The SUV can haul crap, and with whatever is coming, that might be a good thing. Plus, the Hubrismobile is an ‘04 model, and that is getting on toward a decade old. Plus the 2014 models are all going to have that automated tracking stuff on them by Federal mandate and I am not interested.
(The Bluesmobile at the Brandy Station battlefield. Photo Socotra.)
That was one of the things I was thinking of as I got in the Bluesmobile and headed over to Willow for the business meeting. I love that old Ford police car. It is bedraggled, low-maintenance, and thoroughly efficient in an old-school way.
It is Restaurant Week, so we sat outside and let the civilians fill the place up. John-with-an-H is hanging out at Screwtop these days, and Old Jim is boycotting the place based on grounds of personal integrity. Jon-without, minus the lovely Bea, cruised by, the only regular who still is.
We enjoyed some happy hour white and my business associates drank a bottle of red with one of Kate Jansen’s superb signature flatbread pizzas.
I looked at the watch and felt bad that the hour-long swim kinda got lost in the noise.
Plus, there was one last summer thing to take care of. Johanna, the Polish Lifeguard, was sitting in at the pool for Konrad, this year’s regular, who is in New York or something immersing his tanned, chiseled body in the American Experience before going back to Mittleurope for school in the Fall.

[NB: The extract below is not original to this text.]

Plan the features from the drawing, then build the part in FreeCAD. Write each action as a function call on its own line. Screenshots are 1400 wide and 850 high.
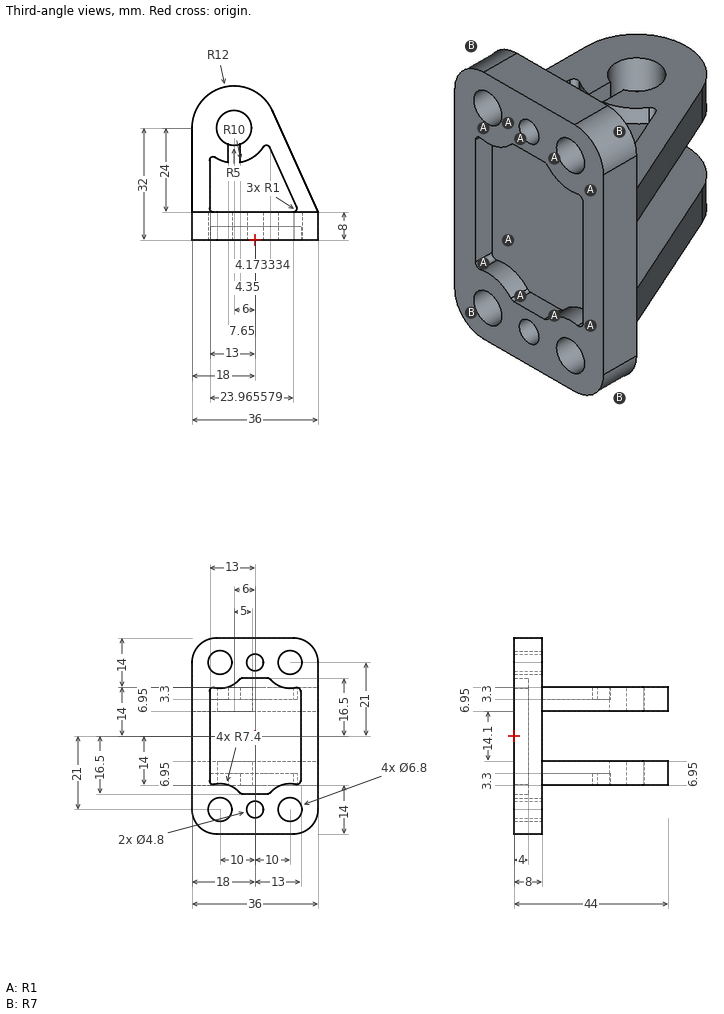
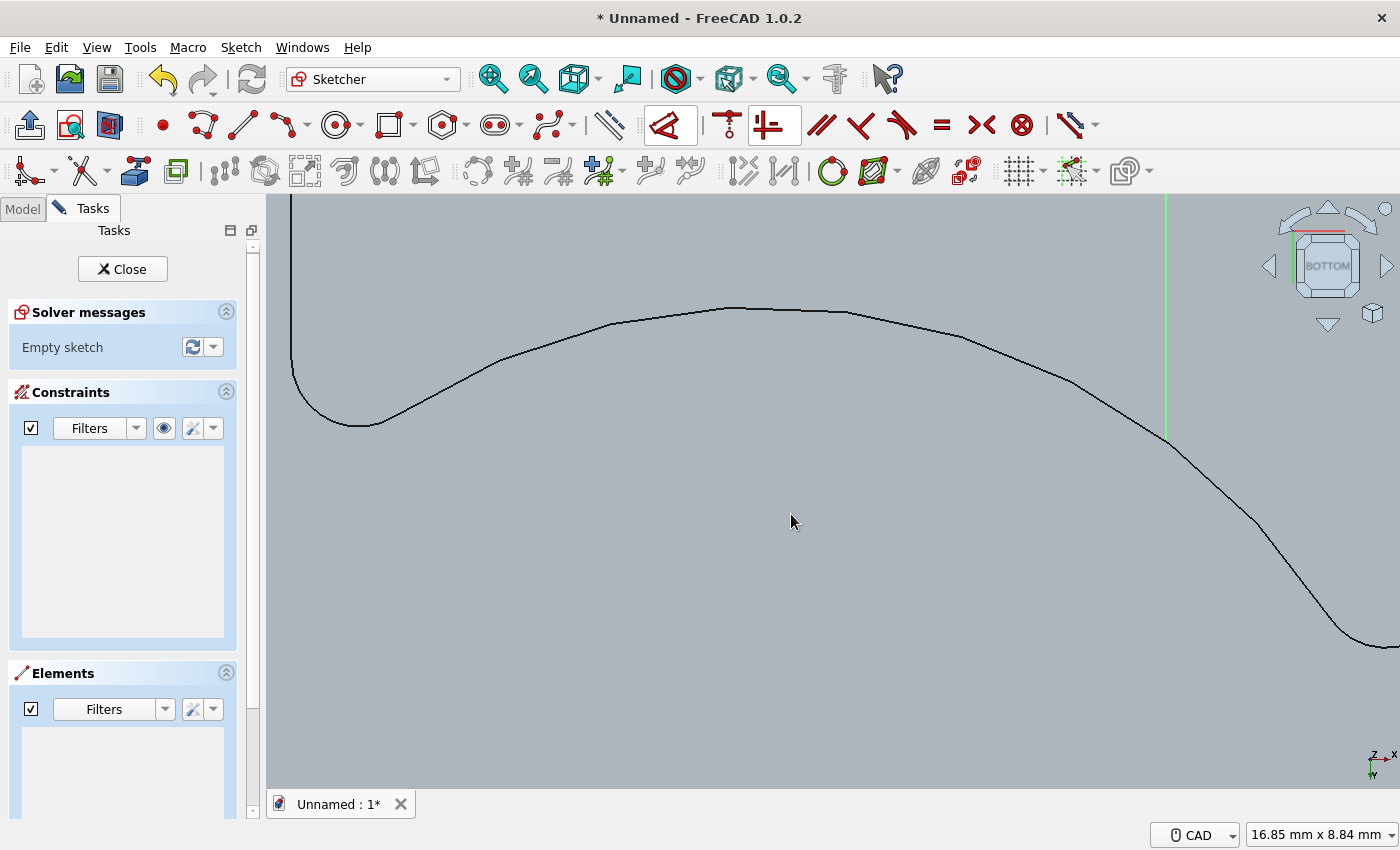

Johanna was our regular guard three years ago, and I wanted to say goodbye, since she is taking off next week for university back home and I may not see her again in this life. I had a little bottle of Absolut Vodka in the freezer, and I dropped that off with her once I got back from Willow in the growing darkness. She is Polish, after all, and the vodka was welcome.
I can feel the season changing. It is dark now long before the gate clangs closed for the day. I sat at the Guard’s table since there was no one there and I took a cocktail down in a thermal mug, just like old times, and smoked right there.
We chatted for a while, I took a plunge, and luxuriated in the cool water. I did not swim for an hour- not even close, but I wanted Johanna to be able to close up early if she wanted and gave her a kiss on the cheek and wished her a most pleasant life if I don’t see her again.
A little seasonal pre-melancholy as we move the deck chairs toward Autumn. Another step back toward normalcy after the surgery, and another change of seasons. I slept like a log, but had a disquieting dream about German SUVs.